In our measurements, we use prior knowledge about the object position to limit the scan length and therefore overall measurement time. We note, however, that the approximate position of objects of interest in the scene can be instead gained using conventional single photon LiDAR as all the same components are present here (pulsed laser, single photon detector, TCSPC). The axial resolution demonstrated here can be increased further by the use of pulses of shorter duration. It then also becomes important to consider the effects of chromatic dispersion from propagation within the air and fibers which will broaden the pulse. We note, however, that the 100 fs pulse discussed here will only broaden by around 14 fs for 100 m propagation in air due to second order dispersion [18,19]. This can be compensated within either the signal or reference arm and could be optimised without any prior knowledge of the propagation distance.
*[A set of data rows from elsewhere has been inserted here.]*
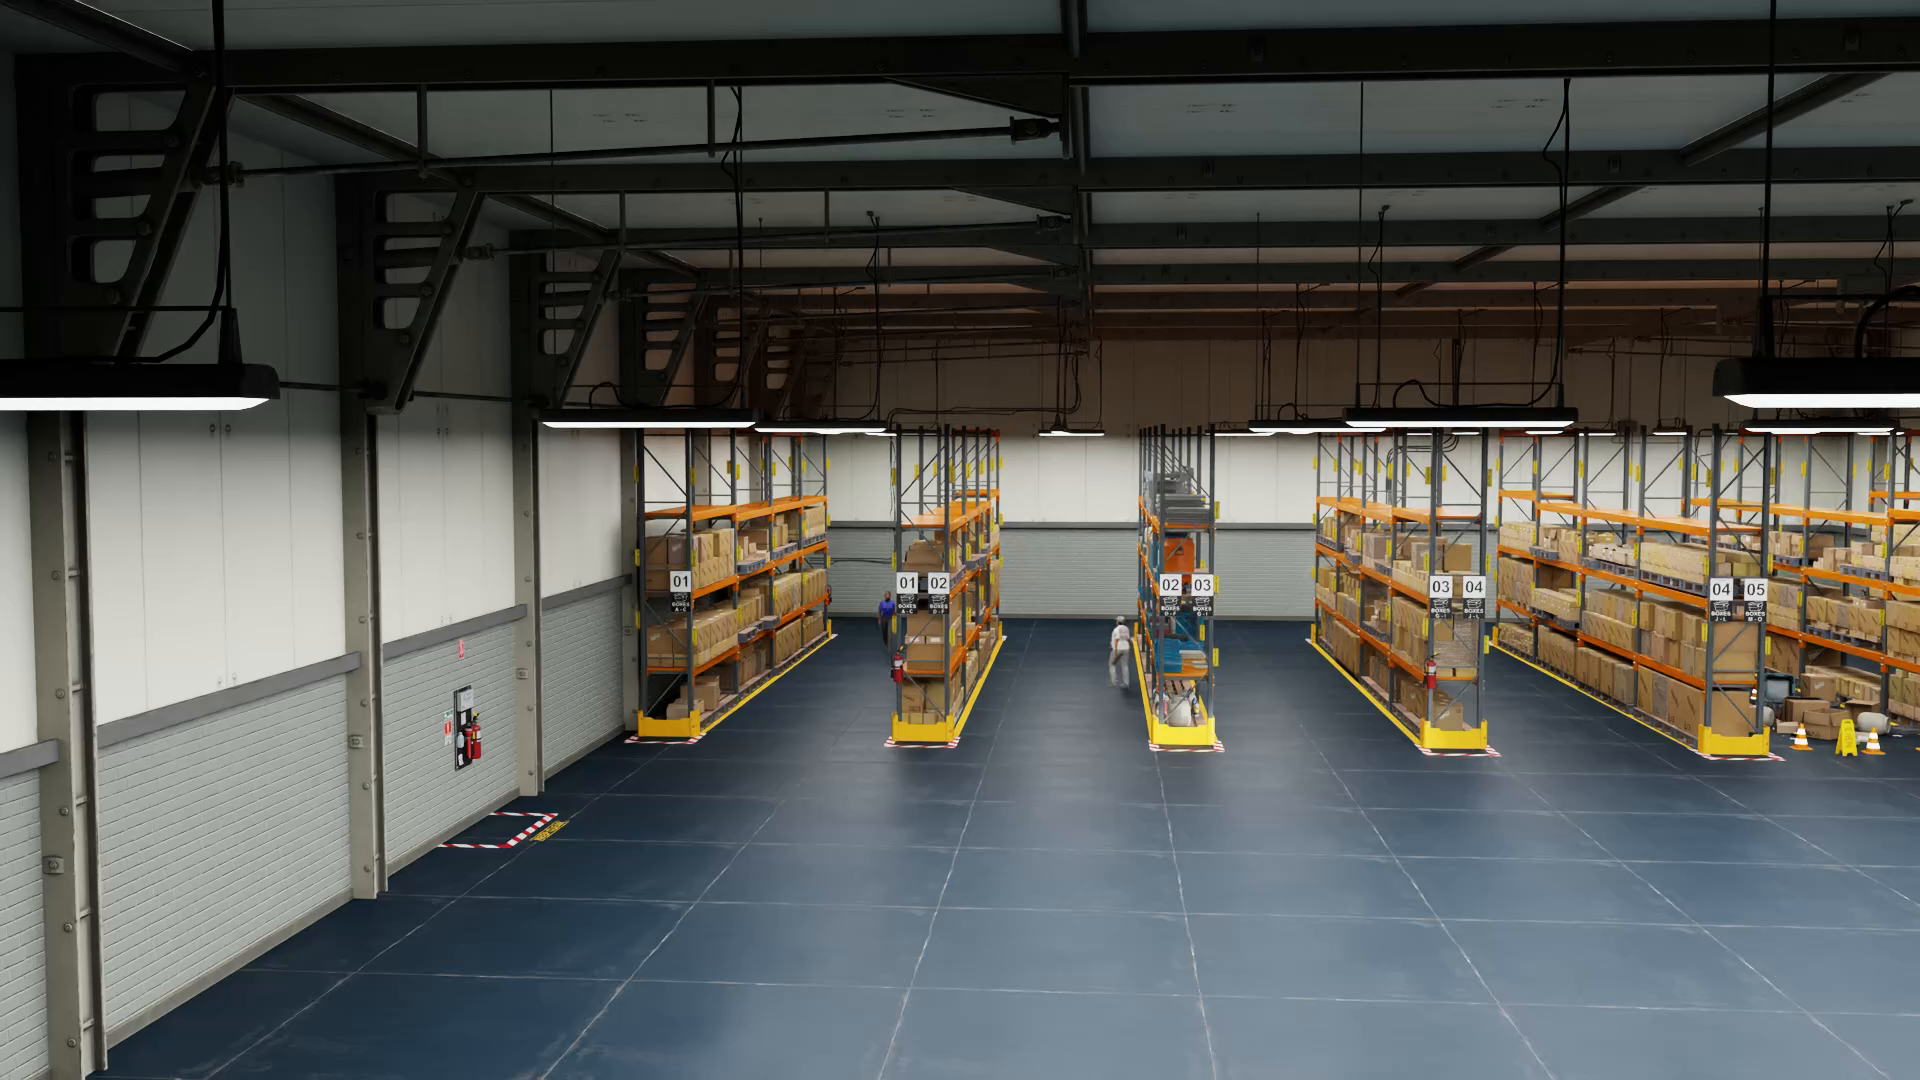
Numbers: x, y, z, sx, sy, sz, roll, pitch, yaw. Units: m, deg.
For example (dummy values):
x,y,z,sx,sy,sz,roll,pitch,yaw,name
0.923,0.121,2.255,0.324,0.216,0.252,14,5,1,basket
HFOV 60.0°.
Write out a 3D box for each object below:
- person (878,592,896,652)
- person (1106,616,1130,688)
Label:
x,y,z,sx,sy,sz,roll,pitch,yaw,name
-1.967,2.190,44.821,0.479,1.577,1.051,0,3,2,person
3.700,2.595,38.209,0.509,1.702,0.596,-2,4,-24,person

Although the measurement shown in Fig. 2 required over 10 hours to acquire, this can be greatly reduced by using our proposed multiple-pulse correlation method to just 36 s. Further improvements can be achieved by the removal of the transverse scanning elements in favour of a full-field imaging system. Full-field OCT is routinely performed and it is only the addition of the correlation measurements that would be required to extend this to the approach presented here. To achieve this, cameras which are able to distinguish $g^{(2)}$ from individual photon correlations at a high rate is preferable. Recent advancements using SPAD cameras have proven to be a promising candidate for this [20]. Full-field imaging with HOM interference has been recently demonstrated using SPAD cameras, the scheme however relied on the spatial correlation between photon pairs from an SPDC source [21]. The same method can be adapted for our LiDAR scheme by using spatially correlated light sources.

6. Conclusions

We demonstrate a new method for LiDAR using intensity correlation based interferometry with the depth resolution of an OCT system. We have shown imaging capabilities with the ability to discern two different depth objects at the same pixel down to separations of 70 $\mu$m. Our approach has applications not only for high-precision LiDAR, but also in other ToF sensing systems where one wishes to measure the full temporal distribution of light pulses with high resolution such as imaging through scattering media and Non-Line-of-Sight imaging.